# Problem details
Only one stretch of the data is wanted: the line containing "Keep it short and to the point. No.", the line containing "Provide a succinct answer. Large.", and every line between them, copied exactly.

# Supplied data
• • • •

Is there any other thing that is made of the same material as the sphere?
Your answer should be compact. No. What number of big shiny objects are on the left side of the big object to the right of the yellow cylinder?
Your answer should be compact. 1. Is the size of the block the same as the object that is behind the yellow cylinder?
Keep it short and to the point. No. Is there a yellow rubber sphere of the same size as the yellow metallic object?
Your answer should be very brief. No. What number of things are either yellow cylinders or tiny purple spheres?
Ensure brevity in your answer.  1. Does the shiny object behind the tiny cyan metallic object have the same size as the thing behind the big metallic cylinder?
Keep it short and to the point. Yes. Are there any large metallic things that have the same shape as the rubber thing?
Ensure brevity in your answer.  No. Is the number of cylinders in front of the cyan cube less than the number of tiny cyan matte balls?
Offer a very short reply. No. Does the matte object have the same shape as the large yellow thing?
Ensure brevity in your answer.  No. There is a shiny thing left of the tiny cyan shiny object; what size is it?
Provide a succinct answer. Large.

• • • •

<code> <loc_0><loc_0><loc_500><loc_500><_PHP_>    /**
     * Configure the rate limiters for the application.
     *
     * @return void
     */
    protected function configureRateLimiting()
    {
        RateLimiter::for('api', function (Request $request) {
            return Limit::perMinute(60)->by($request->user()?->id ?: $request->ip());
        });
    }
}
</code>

• • • •

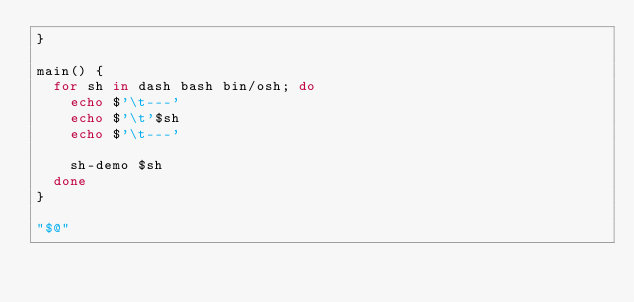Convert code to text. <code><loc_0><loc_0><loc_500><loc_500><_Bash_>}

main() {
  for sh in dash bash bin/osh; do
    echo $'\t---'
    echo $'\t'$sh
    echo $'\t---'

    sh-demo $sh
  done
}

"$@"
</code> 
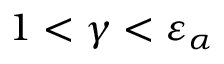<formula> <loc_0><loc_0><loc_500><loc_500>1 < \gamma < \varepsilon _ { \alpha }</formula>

• • • •

# Result below
Keep it short and to the point. No. Is there a yellow rubber sphere of the same size as the yellow metallic object?
Your answer should be very brief. No. What number of things are either yellow cylinders or tiny purple spheres?
Ensure brevity in your answer.  1. Does the shiny object behind the tiny cyan metallic object have the same size as the thing behind the big metallic cylinder?
Keep it short and to the point. Yes. Are there any large metallic things that have the same shape as the rubber thing?
Ensure brevity in your answer.  No. Is the number of cylinders in front of the cyan cube less than the number of tiny cyan matte balls?
Offer a very short reply. No. Does the matte object have the same shape as the large yellow thing?
Ensure brevity in your answer.  No. There is a shiny thing left of the tiny cyan shiny object; what size is it?
Provide a succinct answer. Large.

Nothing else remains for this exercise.